Chris WARE de retour avec ACME
Attention chef d’œuvre !
D’abord, sur le plan graphique, le travail de Chris WARE ne ressemble à aucun autre. Il mélange les genres avec bonheur, réutilise les standards américains, emprunte à l’univers visuel des comics pour mieux les détourner, copie les pages des magazines des sixties, parodie les pages de réclames…
Mieux que personne, WARE joue avec le temps. L’infiniment court (une feuille qui tombe), l’infiniment long (longs flash back historiques) Ce travail est reconnu depuis longtemps, « Jimmy Corrigan, the smartest kid on earth » a reçu les prix les plus prestigieux (Alph Art à Angoulême 2003, Premier prix du livre du Guardian 2001…), mais l’exploit mérite d’être signalé quand il est réédité avec autant de brio.

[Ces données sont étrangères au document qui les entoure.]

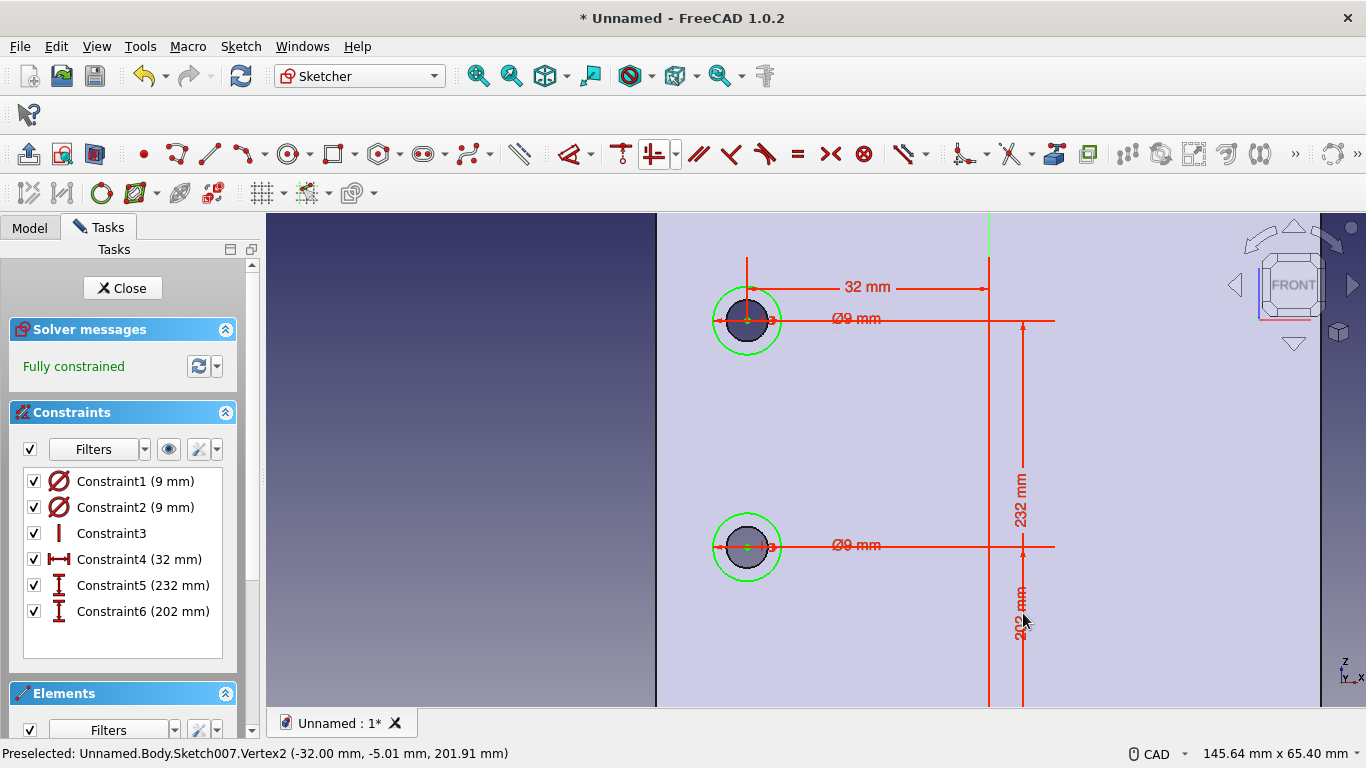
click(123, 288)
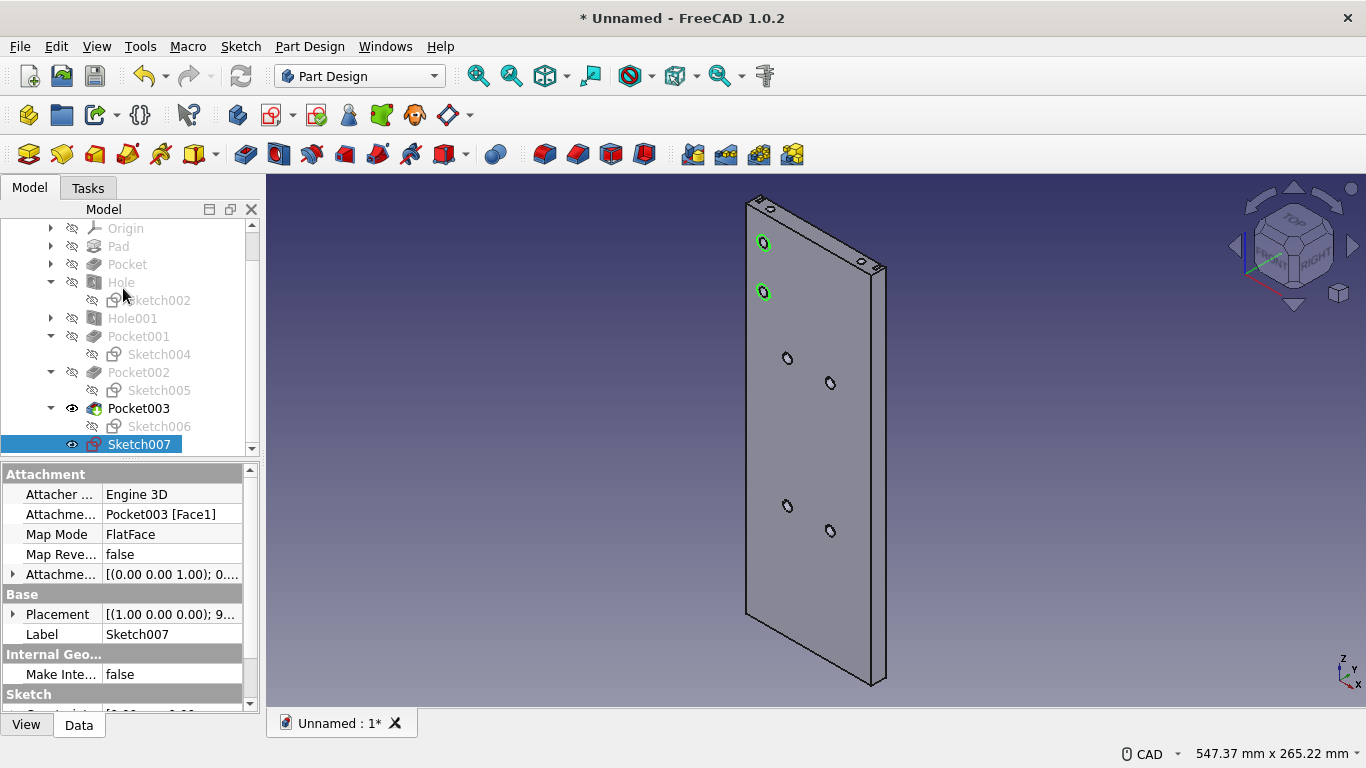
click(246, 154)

Cette fois c’est sous le titre ésotérique d’ACME, (recueil de nouvelles publiées par un hebdomadaire de Chicago) que revient WARE.
La compagnie ACME est une entreprise imaginaire inventée par le personnel de la Warner Bros et apparue dans ses premiers dessins animés en 1933. Personne ne connaît son activité exacte, mais son acronyme « American Company Making Everything » (Compagnie Américaine Fabriquant Tout) laisse ouverts tous les horizons (notamment la fabrication des produits les plus futiles, superflus et baroques. C’est ce nom d’ACME que WARE a repris pour fonder sa propre ACME novelty library, label sous lequel il raconte la vie de personnages qui naviguent entre onirisme et néoréalisme, cruauté et absurdité.
ACME se lit comme autrefois le journal de Tintin. Un bottin dans lequel se croisent les feuilletons dessinés. Mais cette fois sous la ligne claire se cachent d’obscurs desseins. Comme dans Jimmy Corrigan, l’auteur nous balade autour de ses thèmes de prédilection. C’est une Amérique déprimante et dépressive qu’il nous dépeint. Celle d’une société de consommation où les névroses et les frustrations atteignent leur paroxysme. Une société de solitudes.